Rite Aid (NYSE:RAD) reported what seemed on the surface to be a not-so-great quarter -- earnings per share dropped by half year-over-year, even though revenue increased slightly.

But health care analysts Michael Douglass and David Williamson found some intriguing opportunities for the company as it continues its now-famous turnaround. Management continues to execute on critical potential growth drivers -- opportunities the company needs if it's going to continue its meteoric rise.

In the video below, they lay out three key things Rite Aid must continue to execute on as it seeks to catch up to CVS Caremark (NYSE:CVS).
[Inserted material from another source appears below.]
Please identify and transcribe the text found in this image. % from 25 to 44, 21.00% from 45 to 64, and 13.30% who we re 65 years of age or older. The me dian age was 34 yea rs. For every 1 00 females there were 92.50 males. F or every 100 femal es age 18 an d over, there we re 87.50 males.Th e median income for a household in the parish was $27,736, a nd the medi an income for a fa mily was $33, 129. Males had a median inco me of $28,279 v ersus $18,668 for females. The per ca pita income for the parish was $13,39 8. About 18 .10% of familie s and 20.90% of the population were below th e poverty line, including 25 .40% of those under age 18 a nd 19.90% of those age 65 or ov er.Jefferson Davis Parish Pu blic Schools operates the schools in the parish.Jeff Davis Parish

But could this opportunity trump even Rite Aid's turnaround?
As has been shown with Rite Aid's incredible turnaround, the best investors consistently reap gigantic profits by recognizing true potential earlier and more accurately than anyone else. Let me cut right to the chase. There is a product in development that will revolutionize not how we treat a common chronic illness, but potentially the entire health industry. Analysts are already licking their chops at the sales potential. In order to outsmart Wall Street and realize multi-bagger returns you will need The Motley Fool's new free report on the dream-team responsible for this game-changing blockbuster. CLICK HERE NOW.
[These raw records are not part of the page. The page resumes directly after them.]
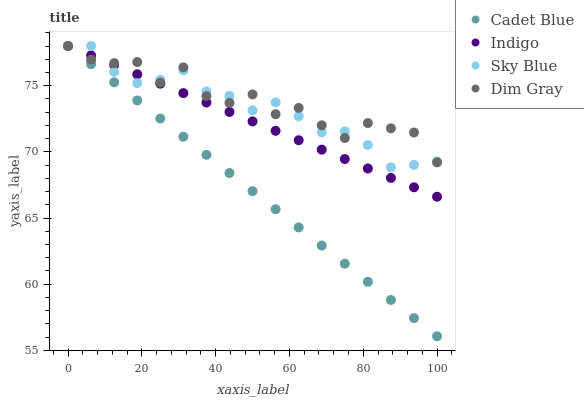Does Cadet Blue have the minimum area under the curve?
Answer yes or no. Yes. Does Dim Gray have the maximum area under the curve?
Answer yes or no. Yes. Does Dim Gray have the minimum area under the curve?
Answer yes or no. No. Does Cadet Blue have the maximum area under the curve?
Answer yes or no. No. Is Indigo the smoothest?
Answer yes or no. Yes. Is Dim Gray the roughest?
Answer yes or no. Yes. Is Cadet Blue the smoothest?
Answer yes or no. No. Is Cadet Blue the roughest?
Answer yes or no. No. Does Cadet Blue have the lowest value?
Answer yes or no. Yes. Does Dim Gray have the lowest value?
Answer yes or no. No. Does Indigo have the highest value?
Answer yes or no. Yes. Does Indigo intersect Dim Gray?
Answer yes or no. Yes. Is Indigo less than Dim Gray?
Answer yes or no. No. Is Indigo greater than Dim Gray?
Answer yes or no. No. 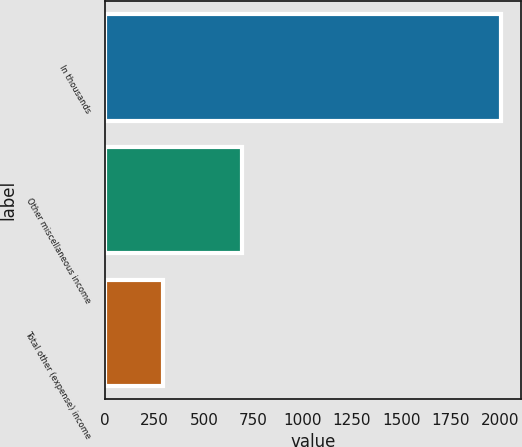<chart> <loc_0><loc_0><loc_500><loc_500><bar_chart><fcel>In thousands<fcel>Other miscellaneous income<fcel>Total other (expense) income<nl><fcel>2008<fcel>691<fcel>292<nl></chart>

David Williamson has no position in any stocks mentioned. Michael Douglass has no position in any stocks mentioned. The Motley Fool recommends CVS Caremark and McKesson. Try any of our Foolish newsletter services free for 30 days. We Fools may not all hold the same opinions, but we all believe that considering a diverse range of insights makes us better investors. The Motley Fool has a disclosure policy.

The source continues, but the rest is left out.